Data Center Latency Reduced by MIT Research; Tests at Facebook Facility
In August, researchers from the Massachusetts Institute of Technology will be presenting a paper on a new network management system they’ve dubbed Fastpass, which allows for “no-wait data centers.” At the annual conference for the ACM Special Interest Group on Data Communication, the researchers will describe how they have been able to reduce the queue length for network transmission by over 99 percent.
As opposed to a standard decentralized configuration, the Fastpass system employs a centralized data center model utilizing an arbiter that makes all routing choices. The arbiter analyzes network traffic holistically and makes decisions about routing based on the results. In experimental testing, researchers showed that a single 8-core arbiter machine could handle over 2 terabytes of data per second. Based on testing, they believe they could scale to a network of as many as 1,000 switches.
MIT was allowed to do testing in cooperation with Facebook and, making use of one of their facilities, were able to show reductions in latency that practically eliminated the normal queue. The report stated that, even in heaviest traffic conditions, average request latency dropped from 3.65 microseconds to 0.23 microseconds, over a 95 percent reduction.
The Fastpass system utilizes a new way of divvying up the processing power necessary to calculate transmission timings among multiple cores.
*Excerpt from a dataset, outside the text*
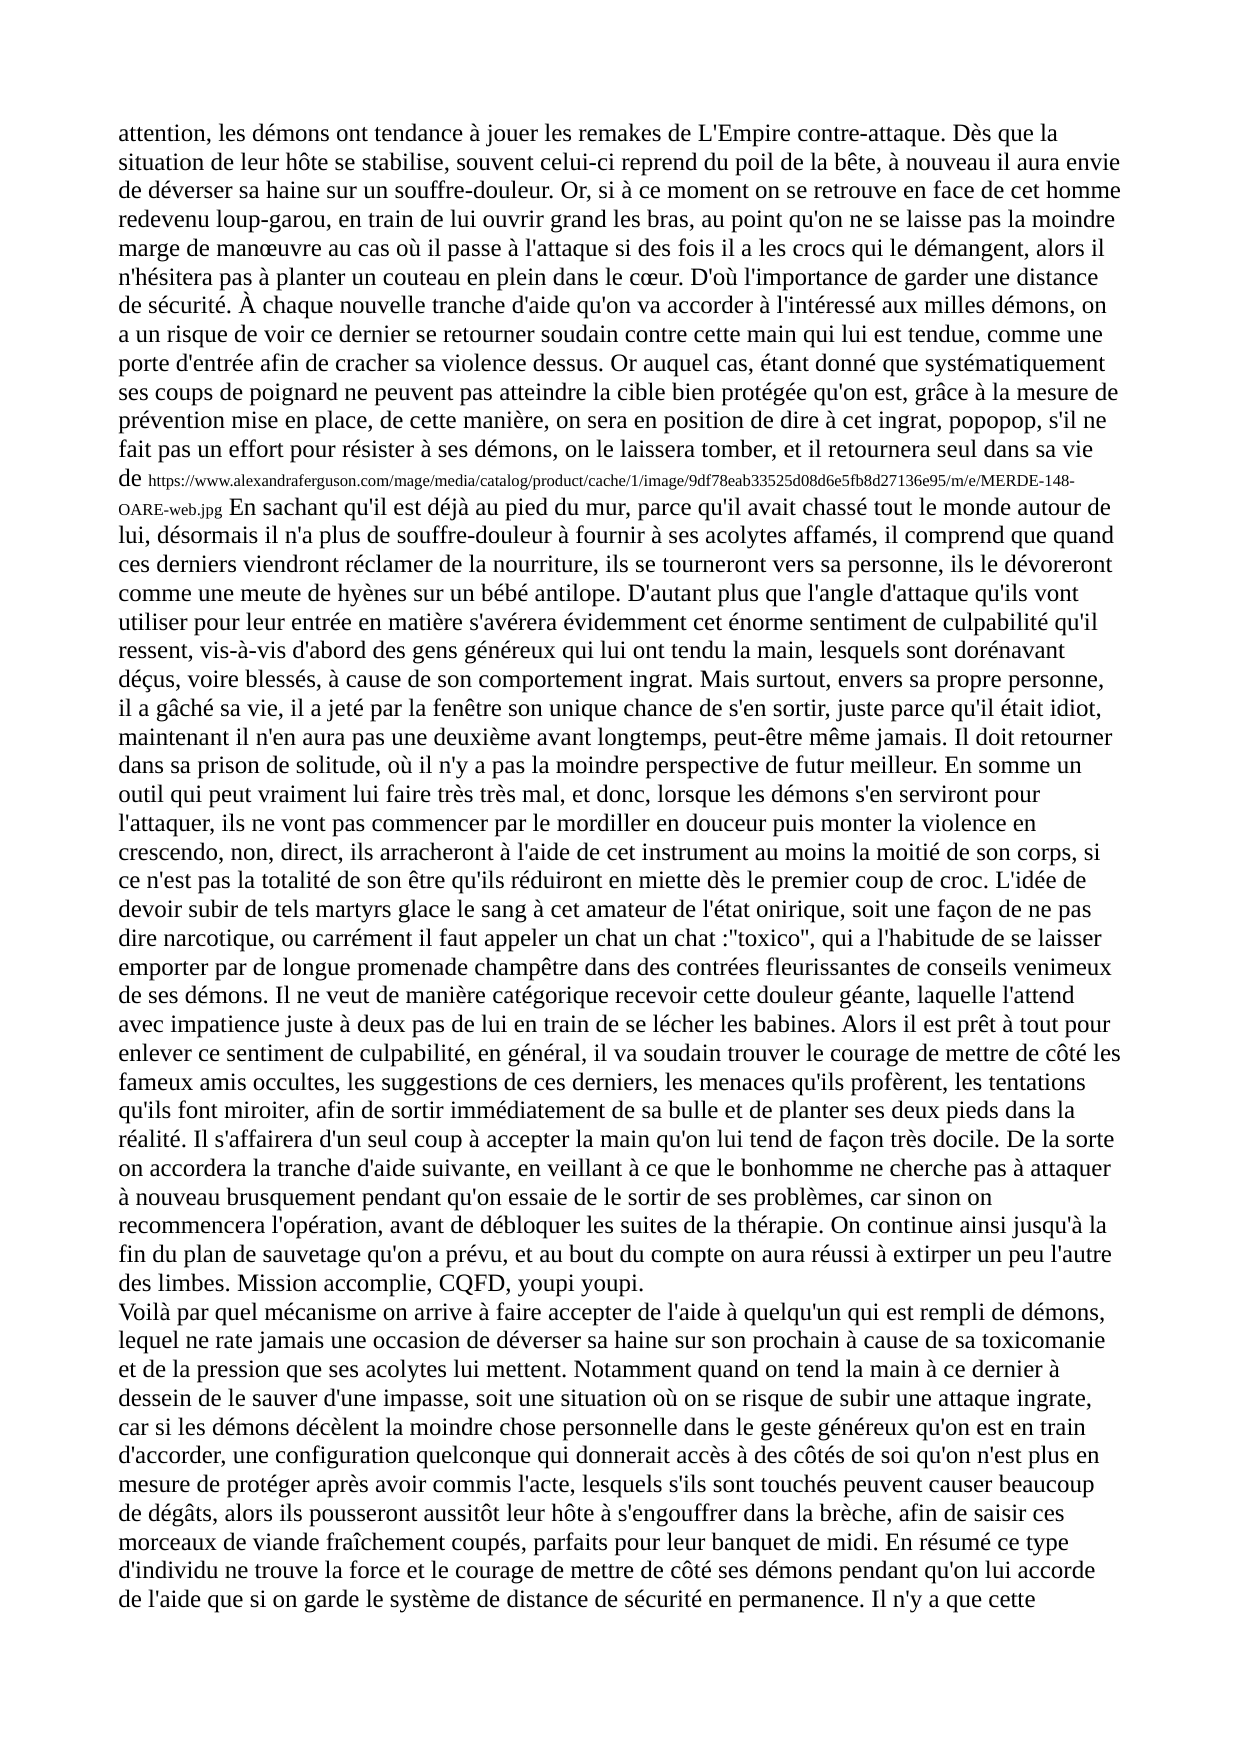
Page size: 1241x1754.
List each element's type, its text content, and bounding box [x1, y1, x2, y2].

text attention, les démons ont tendance à jouer les remakes de L'Empire contre-attaque. Dès que la situation de leur hôte se stabilise, souvent celui-ci reprend du poil de la bête, à nouveau il aura envie de déverser sa haine sur un souffre-douleur. Or, si à ce moment on se retrouve en face de cet homme redevenu loup-garou, en train de lui ouvrir grand les bras, au point qu'on ne se laisse pas la moindre marge de manœuvre au cas où il passe à l'attaque si des fois il a les crocs qui le démangent, alors il n'hésitera pas à planter un couteau en plein dans le cœur. D'où l'importance de garder une distance de sécurité. À chaque nouvelle tranche d'aide qu'on va accorder à l'intéressé aux milles démons, on a un risque de voir ce dernier se retourner soudain contre cette main qui lui est tendue, comme une porte d'entrée afin de cracher sa violence dessus. Or auquel cas, étant donné que systématiquement ses coups de poignard ne peuvent pas atteindre la cible bien protégée qu'on est, grâce à la mesure de prévention mise en place, de cette manière, on sera en position de dire à cet ingrat, popopop, s'il ne fait pas un effort pour résister à ses démons, on le laissera tomber, et il retournera seul dans sa vie de https://www.alexandraferguson.com/mage/media/catalog/product/cache/1/image/9df78eab33525d08d6e5fb8d27136e95/m/e/MERDE-148-OARE-web.jpg En sachant qu'il est déjà au pied du mur, parce qu'il avait chassé tout le monde autour de lui, désormais il n'a plus de souffre-douleur à fournir à ses acolytes affamés, il comprend que quand ces derniers viendront réclamer de la nourriture, ils se tourneront vers sa personne, ils le dévoreront comme une meute de hyènes sur un bébé antilope. D'autant plus que l'angle d'attaque qu'ils vont utiliser pour leur entrée en matière s'avérera évidemment cet énorme sentiment de culpabilité qu'il ressent, vis-à-vis d'abord des gens généreux qui lui ont tendu la main, lesquels sont dorénavant déçus, voire blessés, à cause de son comportement ingrat. Mais surtout, envers sa propre personne, il a gâché sa vie, il a jeté par la fenêtre son unique chance de s'en sortir, juste parce qu'il était idiot, maintenant il n'en aura pas une deuxième avant longtemps, peut-être même jamais. Il doit retourner dans sa prison de solitude, où il n'y a pas la moindre perspective de futur meilleur. En somme un outil qui peut vraiment lui faire très très mal, et donc, lorsque les démons s'en serviront pour l'attaquer, ils ne vont pas commencer par le mordiller en douceur puis monter la violence en crescendo, non, direct, ils arracheront à l'aide de cet instrument au moins la moitié de son corps, si ce n'est pas la totalité de son être qu'ils réduiront en miette dès le premier coup de croc. L'idée de devoir subir de tels martyrs glace le sang à cet amateur de l'état onirique, soit une façon de ne pas dire narcotique, ou carrément il faut appeler un chat un chat :''toxico'', qui a l'habitude de se laisser emporter par de longue promenade champêtre dans des contrées fleurissantes de conseils venimeux de ses démons. Il ne veut de manière catégorique recevoir cette douleur géante, laquelle l'attend avec impatience juste à deux pas de lui en train de se lécher les babines. Alors il est prêt à tout pour enlever ce sentiment de culpabilité, en général, il va soudain trouver le courage de mettre de côté les fameux amis occultes, les suggestions de ces derniers, les menaces qu'ils profèrent, les tentations qu'ils font miroiter, afin de sortir immédiatement de sa bulle et de planter ses deux pieds dans la réalité. Il s'affairera d'un seul coup à accepter la main qu'on lui tend de façon très docile. De la sorte on accordera la tranche d'aide suivante, en veillant à ce que le bonhomme ne cherche pas à attaquer à nouveau brusquement pendant qu'on essaie de le sortir de ses problèmes, car sinon on recommencera l'opération, avant de débloquer les suites de la thérapie. On continue ainsi jusqu'à la fin du plan de sauvetage qu'on a prévu, et au bout du compte on aura réussi à extirper un peu l'autre des limbes. Mission accomplie, CQFD, youpi youpi. [118, 118, 1122, 1297]
text Voilà par quel mécanisme on arrive à faire accepter de l'aide à quelqu'un qui est rempli de démons, lequel ne rate jamais une occasion de déverser sa haine sur son prochain à cause de sa toxicomanie et de la pression que ses acolytes lui mettent. Notamment quand on tend la main à ce dernier à dessein de le sauver d'une impasse, soit une situation où on se risque de subir une attaque ingrate, car si les démons décèlent la moindre chose personnelle dans le geste généreux qu'on est en train d'accorder, une configuration quelconque qui donnerait accès à des côtés de soi qu'on n'est plus en mesure de protéger après avoir commis l'acte, lesquels s'ils sont touchés peuvent causer beaucoup de dégâts, alors ils pousseront aussitôt leur hôte à s'engouffrer dans la brèche, afin de saisir ces morceaux de viande fraîchement coupés, parfaits pour leur banquet de midi. En résumé ce type d'individu ne trouve la force et le courage de mettre de côté ses démons pendant qu'on lui accorde de l'aide que si on garde le système de distance de sécurité en permanence. Il n'y a que cette [118, 1297, 1122, 1613]

The system essentially organizes workloads by time slot and schedules requests to whichever server is free first. All other work is passed on to the next core, which operates in the same way. Researchers admit that the system seems counterintuitive, but proved that even with the necessary lag to send requests through the arbiter, Fastpass dramatically improved overall network performance.
In the long run, MIT believes the system could be put to use in rapid deploy data centers to create highly-scalable, centralized systems that will deliver faster, more efficient and less expensive networking models.